- _Description of the task_:
Any pictures in the records below should be skipped; write out everything else exactly.

Supplied material below:

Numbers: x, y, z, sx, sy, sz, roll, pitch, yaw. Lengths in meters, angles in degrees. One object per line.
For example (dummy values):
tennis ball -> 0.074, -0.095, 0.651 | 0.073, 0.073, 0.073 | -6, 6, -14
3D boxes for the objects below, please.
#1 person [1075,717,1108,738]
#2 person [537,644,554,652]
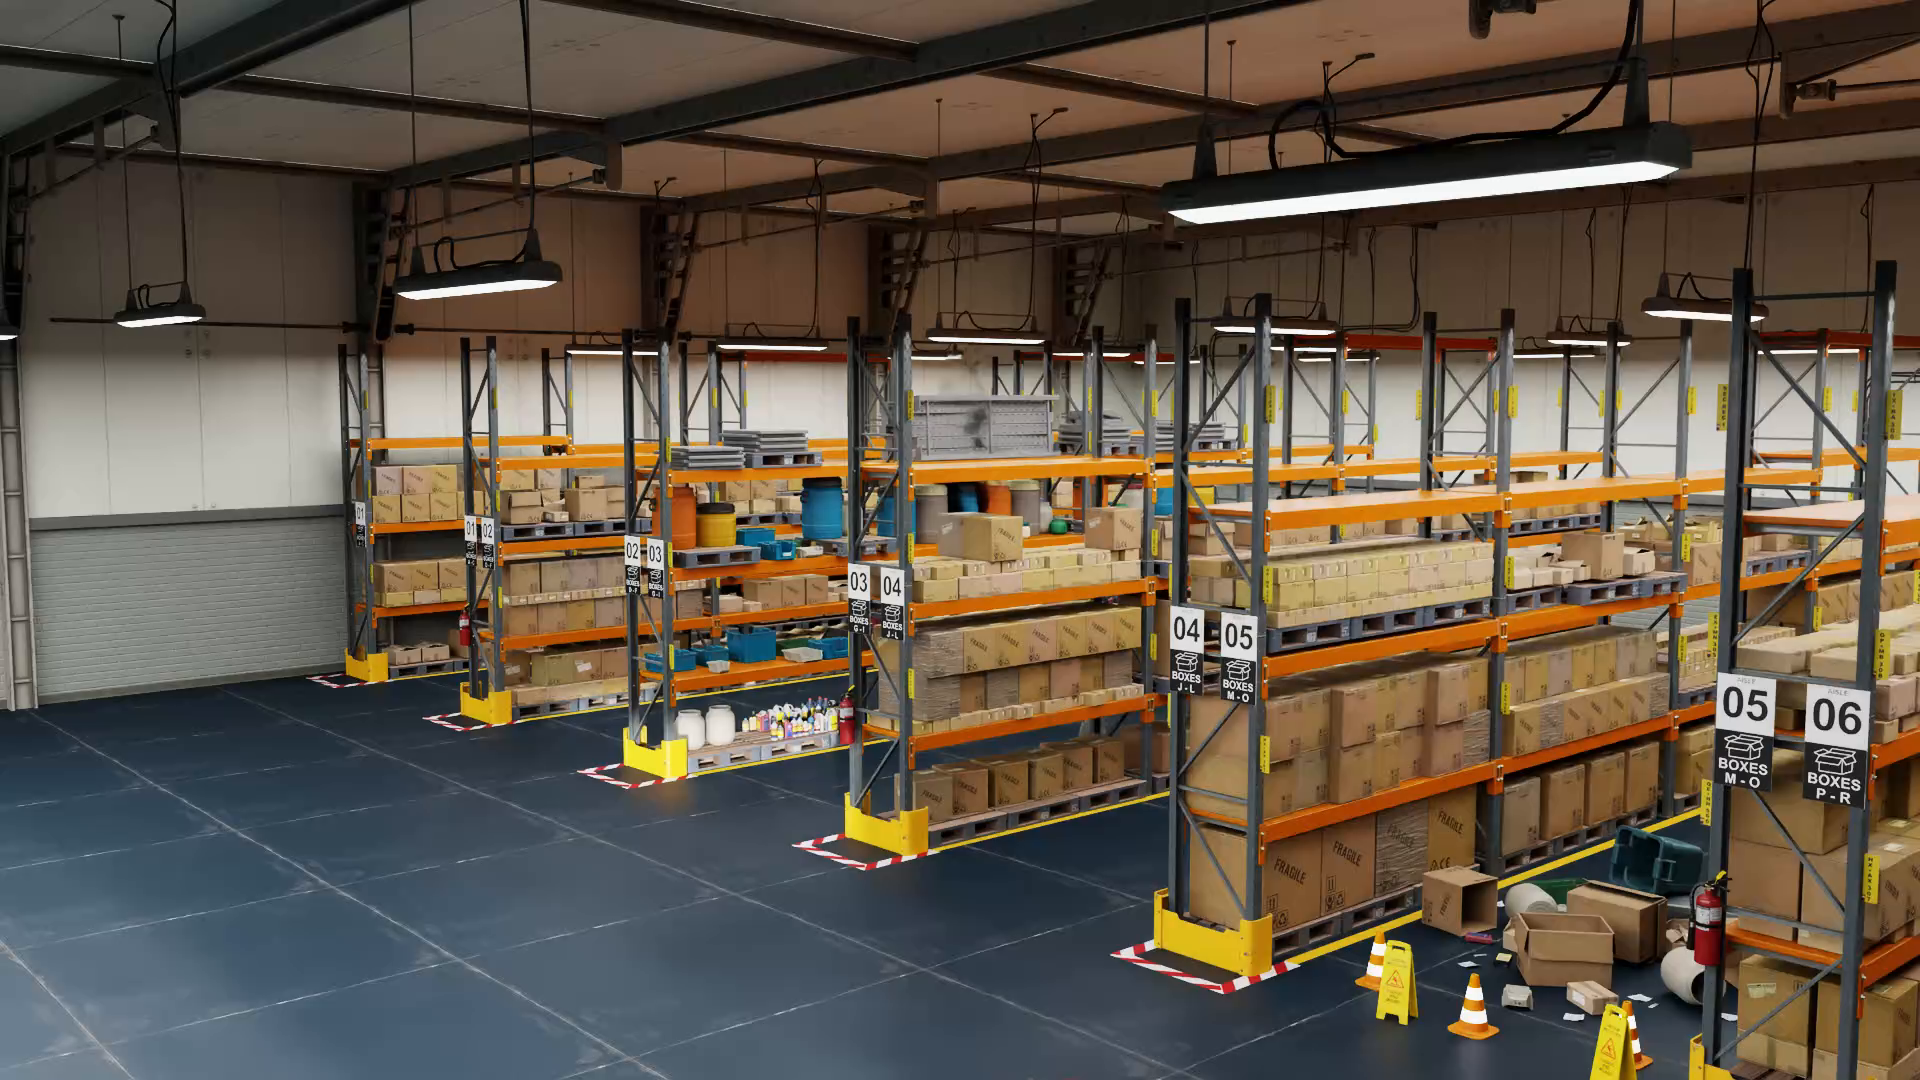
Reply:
person -> 1.812, 1.945, 23.172 | 0.617, 1.728, 0.862 | 5, 7, 42
person -> -7.050, 1.814, 28.543 | 0.505, 1.591, 0.667 | 4, 7, 40

End of Supplied material.

- _Solution to this exercise_:
Numbers: x, y, z, sx, sy, sz, roll, pitch, yaw. Lengths in meters, angles in degrees. One object per line.
For example (dummy values):
tennis ball -> 0.074, -0.095, 0.651 | 0.073, 0.073, 0.073 | -6, 6, -14
3D boxes for the objects below, please.
#1 person [1075,717,1108,738]
#2 person [537,644,554,652]
Reply:
person -> 1.812, 1.945, 23.172 | 0.617, 1.728, 0.862 | 5, 7, 42
person -> -7.050, 1.814, 28.543 | 0.505, 1.591, 0.667 | 4, 7, 40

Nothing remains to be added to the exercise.